PROMPT -> Reproduce the records exactly, but not the pictures.

(Dataset excerpts)

★ ★ ★

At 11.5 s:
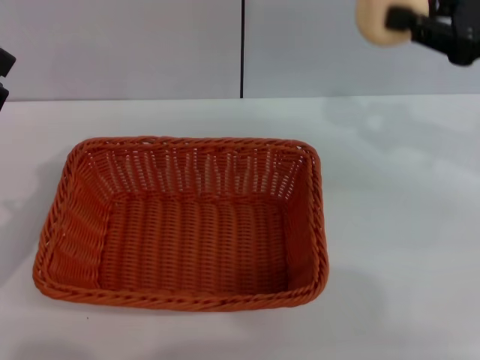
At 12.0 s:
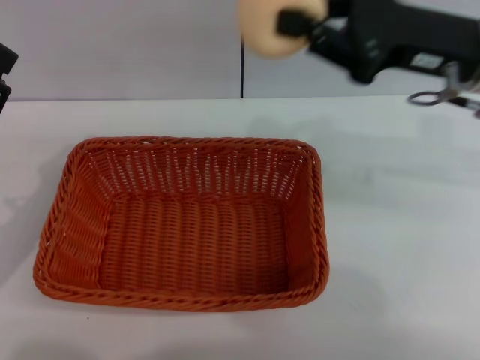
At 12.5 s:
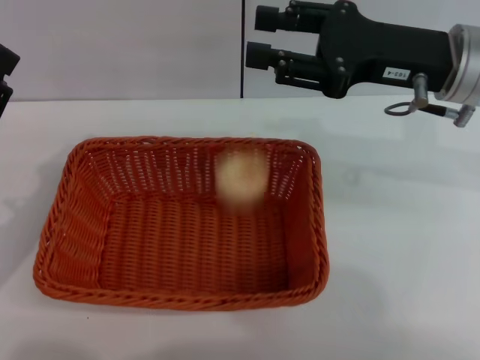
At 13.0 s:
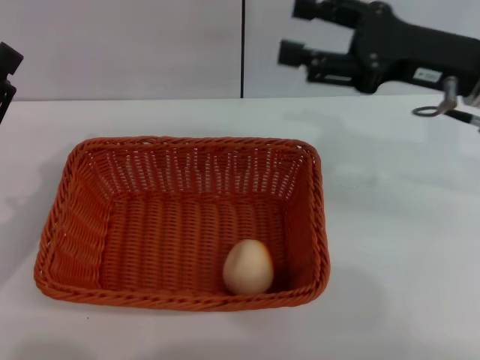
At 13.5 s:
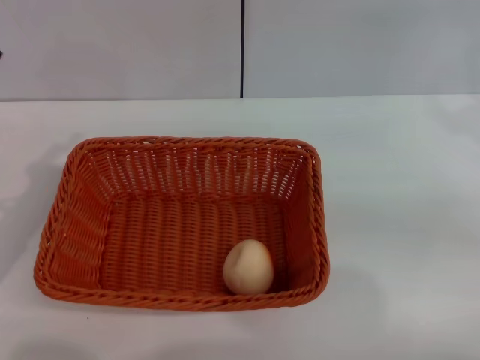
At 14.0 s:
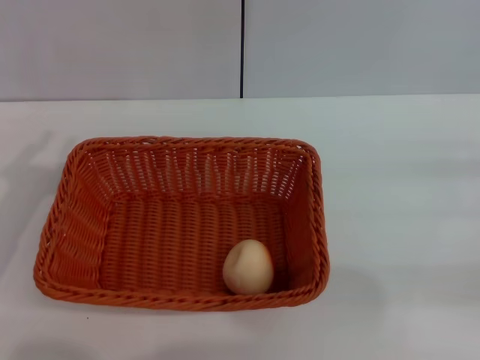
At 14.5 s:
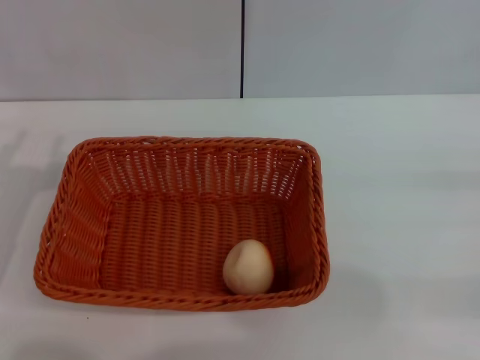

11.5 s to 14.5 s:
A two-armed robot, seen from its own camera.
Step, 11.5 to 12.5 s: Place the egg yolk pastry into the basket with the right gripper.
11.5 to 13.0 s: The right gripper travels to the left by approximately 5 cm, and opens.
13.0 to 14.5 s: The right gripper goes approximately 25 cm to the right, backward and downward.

★ ★ ★

SOLUTION FOR THIS TASK ->
At 11.5 s:
At 12.0 s:
At 12.5 s:
At 13.0 s:
At 13.5 s:
At 14.0 s:
At 14.5 s:

11.5 s to 14.5 s:
A two-armed robot, seen from its own camera.
Step, 11.5 to 12.5 s: Place the egg yolk pastry into the basket with the right gripper.
11.5 to 13.0 s: The right gripper travels to the left by approximately 5 cm, and opens.
13.0 to 14.5 s: The right gripper goes approximately 25 cm to the right, backward and downward.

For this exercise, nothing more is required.